Starting at the first line of the data, print each line verbatim up to and including the line bearing "text Het indienen", omitting pictures.

## Items from a dataset
____________________
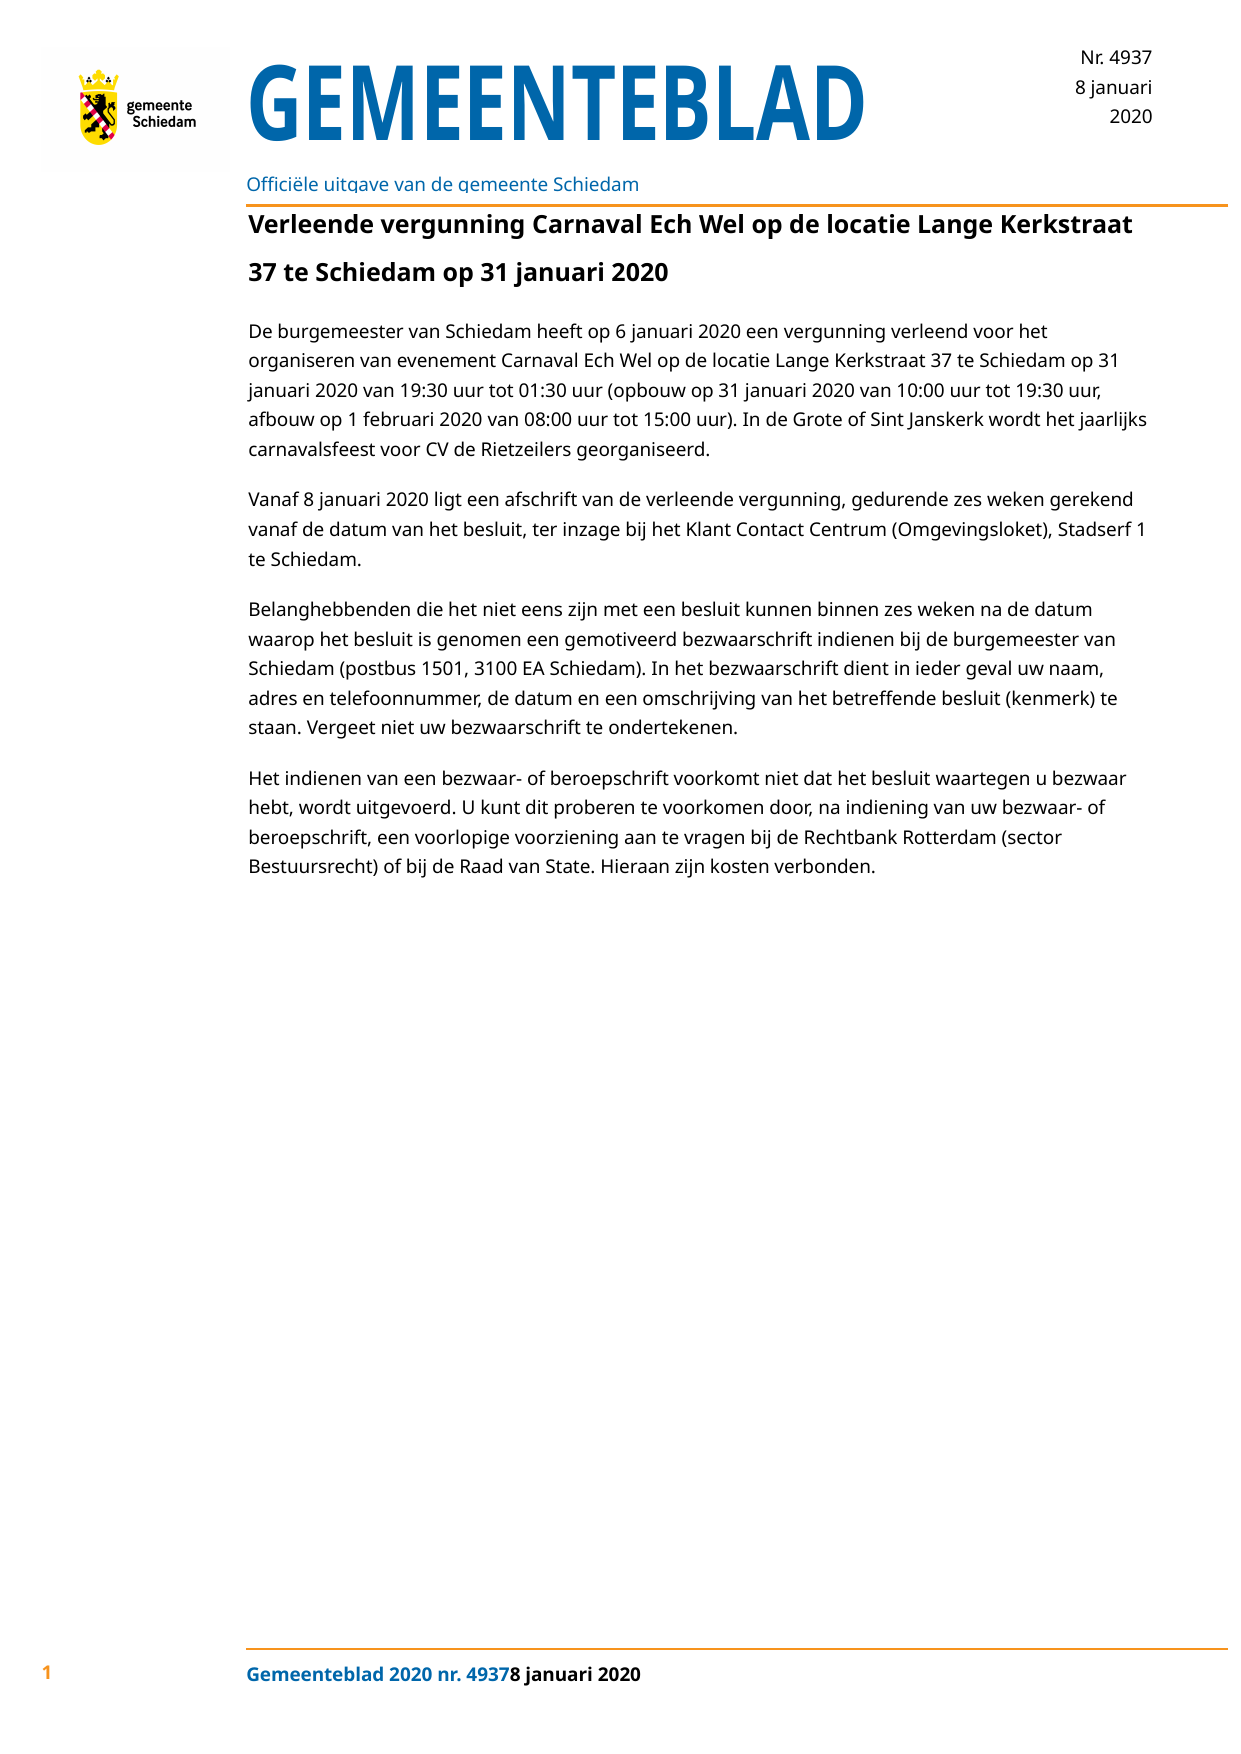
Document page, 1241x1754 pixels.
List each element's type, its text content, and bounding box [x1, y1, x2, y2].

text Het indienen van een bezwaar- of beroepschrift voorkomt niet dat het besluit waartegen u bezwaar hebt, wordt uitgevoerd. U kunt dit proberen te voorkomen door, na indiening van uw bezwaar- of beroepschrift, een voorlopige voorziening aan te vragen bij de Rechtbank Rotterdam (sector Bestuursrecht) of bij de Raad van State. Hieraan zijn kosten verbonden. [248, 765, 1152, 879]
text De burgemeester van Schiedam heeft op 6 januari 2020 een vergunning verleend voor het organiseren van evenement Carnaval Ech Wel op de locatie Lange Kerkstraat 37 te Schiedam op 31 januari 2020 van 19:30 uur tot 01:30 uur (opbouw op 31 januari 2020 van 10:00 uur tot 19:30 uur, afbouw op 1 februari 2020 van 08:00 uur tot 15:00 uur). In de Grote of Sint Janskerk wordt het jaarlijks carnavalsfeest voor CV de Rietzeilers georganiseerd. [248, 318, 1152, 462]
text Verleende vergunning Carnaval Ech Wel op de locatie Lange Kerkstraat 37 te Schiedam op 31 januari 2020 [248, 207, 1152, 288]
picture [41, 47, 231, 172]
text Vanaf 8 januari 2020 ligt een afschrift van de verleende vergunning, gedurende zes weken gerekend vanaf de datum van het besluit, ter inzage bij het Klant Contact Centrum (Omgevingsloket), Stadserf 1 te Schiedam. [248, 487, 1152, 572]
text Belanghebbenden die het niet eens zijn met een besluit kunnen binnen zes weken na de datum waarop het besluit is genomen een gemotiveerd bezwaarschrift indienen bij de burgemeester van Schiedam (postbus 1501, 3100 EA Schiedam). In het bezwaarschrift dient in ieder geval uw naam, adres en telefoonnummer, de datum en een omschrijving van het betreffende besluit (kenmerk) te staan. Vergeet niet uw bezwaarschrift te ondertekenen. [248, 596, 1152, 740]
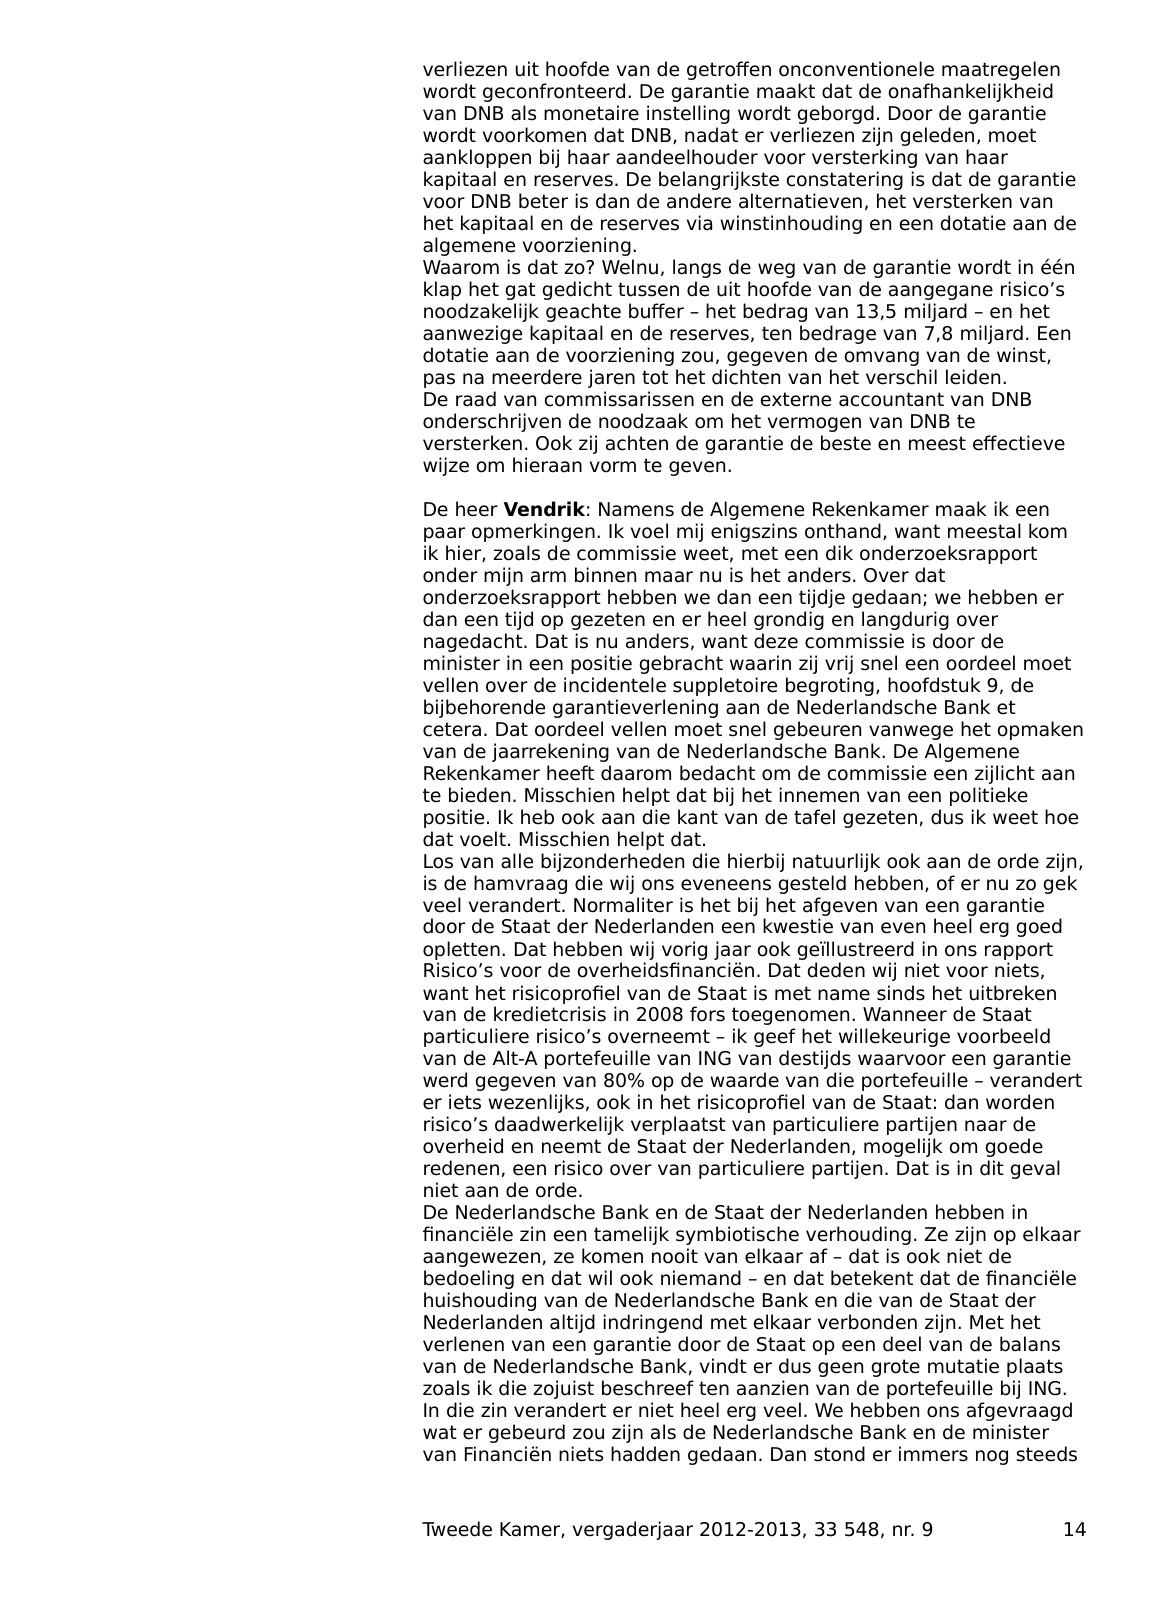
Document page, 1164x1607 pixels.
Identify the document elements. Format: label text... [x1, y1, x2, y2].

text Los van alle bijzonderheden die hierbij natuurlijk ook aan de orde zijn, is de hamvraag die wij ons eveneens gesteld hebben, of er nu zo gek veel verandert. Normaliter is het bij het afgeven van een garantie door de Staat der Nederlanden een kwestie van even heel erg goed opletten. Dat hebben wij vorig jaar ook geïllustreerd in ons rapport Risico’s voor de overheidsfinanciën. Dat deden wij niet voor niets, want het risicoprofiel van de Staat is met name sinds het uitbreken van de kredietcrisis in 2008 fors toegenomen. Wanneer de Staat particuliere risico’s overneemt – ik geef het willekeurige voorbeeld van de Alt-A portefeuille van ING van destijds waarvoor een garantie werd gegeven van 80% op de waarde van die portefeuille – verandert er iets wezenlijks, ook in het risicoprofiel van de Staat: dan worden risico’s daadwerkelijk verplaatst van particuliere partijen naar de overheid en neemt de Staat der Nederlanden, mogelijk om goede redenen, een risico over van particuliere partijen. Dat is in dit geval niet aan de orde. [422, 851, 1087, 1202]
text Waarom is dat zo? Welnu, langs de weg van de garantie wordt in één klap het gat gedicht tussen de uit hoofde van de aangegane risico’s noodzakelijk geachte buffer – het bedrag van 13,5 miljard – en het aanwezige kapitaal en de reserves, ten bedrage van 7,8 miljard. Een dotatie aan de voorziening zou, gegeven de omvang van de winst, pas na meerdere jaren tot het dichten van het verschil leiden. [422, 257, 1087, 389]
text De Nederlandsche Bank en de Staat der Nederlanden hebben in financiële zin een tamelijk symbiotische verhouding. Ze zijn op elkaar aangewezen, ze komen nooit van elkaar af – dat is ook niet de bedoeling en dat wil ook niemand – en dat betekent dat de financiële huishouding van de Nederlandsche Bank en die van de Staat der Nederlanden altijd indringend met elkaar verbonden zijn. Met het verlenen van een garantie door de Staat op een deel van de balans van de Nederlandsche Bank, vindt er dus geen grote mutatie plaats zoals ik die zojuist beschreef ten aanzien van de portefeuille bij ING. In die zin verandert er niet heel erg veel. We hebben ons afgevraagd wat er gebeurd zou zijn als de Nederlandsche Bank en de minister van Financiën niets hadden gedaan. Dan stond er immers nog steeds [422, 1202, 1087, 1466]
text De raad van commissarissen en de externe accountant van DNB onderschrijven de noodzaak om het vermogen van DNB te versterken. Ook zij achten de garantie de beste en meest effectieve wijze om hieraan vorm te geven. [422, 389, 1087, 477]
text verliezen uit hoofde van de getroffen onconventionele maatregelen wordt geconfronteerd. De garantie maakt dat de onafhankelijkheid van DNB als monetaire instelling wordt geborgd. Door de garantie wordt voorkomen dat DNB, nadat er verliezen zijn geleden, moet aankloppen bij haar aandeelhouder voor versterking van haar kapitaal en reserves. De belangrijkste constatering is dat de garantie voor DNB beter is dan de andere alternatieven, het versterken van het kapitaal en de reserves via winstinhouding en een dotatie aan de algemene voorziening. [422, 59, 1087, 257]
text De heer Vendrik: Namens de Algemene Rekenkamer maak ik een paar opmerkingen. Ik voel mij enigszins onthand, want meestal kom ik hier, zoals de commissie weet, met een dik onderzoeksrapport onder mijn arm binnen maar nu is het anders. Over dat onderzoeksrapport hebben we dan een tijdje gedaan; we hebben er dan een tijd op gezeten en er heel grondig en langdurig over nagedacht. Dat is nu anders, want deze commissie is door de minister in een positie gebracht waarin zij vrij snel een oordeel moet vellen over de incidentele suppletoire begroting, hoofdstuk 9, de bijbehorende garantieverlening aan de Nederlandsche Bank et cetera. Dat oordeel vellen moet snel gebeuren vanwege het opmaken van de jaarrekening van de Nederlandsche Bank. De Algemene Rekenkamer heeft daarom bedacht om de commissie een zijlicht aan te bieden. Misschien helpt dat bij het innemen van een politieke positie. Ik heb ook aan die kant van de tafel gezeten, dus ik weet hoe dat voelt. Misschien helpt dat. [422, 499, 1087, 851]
____________________
## Solution below
Document page, 1241x1754 pixels.
List each element's type, its text content, and bounding box [x1, y1, x2, y2].

text Het indienen van een bezwaar- of beroepschrift voorkomt niet dat het besluit waartegen u bezwaar hebt, wordt uitgevoerd. U kunt dit proberen te voorkomen door, na indiening van uw bezwaar- of beroepschrift, een voorlopige voorziening aan te vragen bij de Rechtbank Rotterdam (sector Bestuursrecht) of bij de Raad van State. Hieraan zijn kosten verbonden. [248, 765, 1152, 879]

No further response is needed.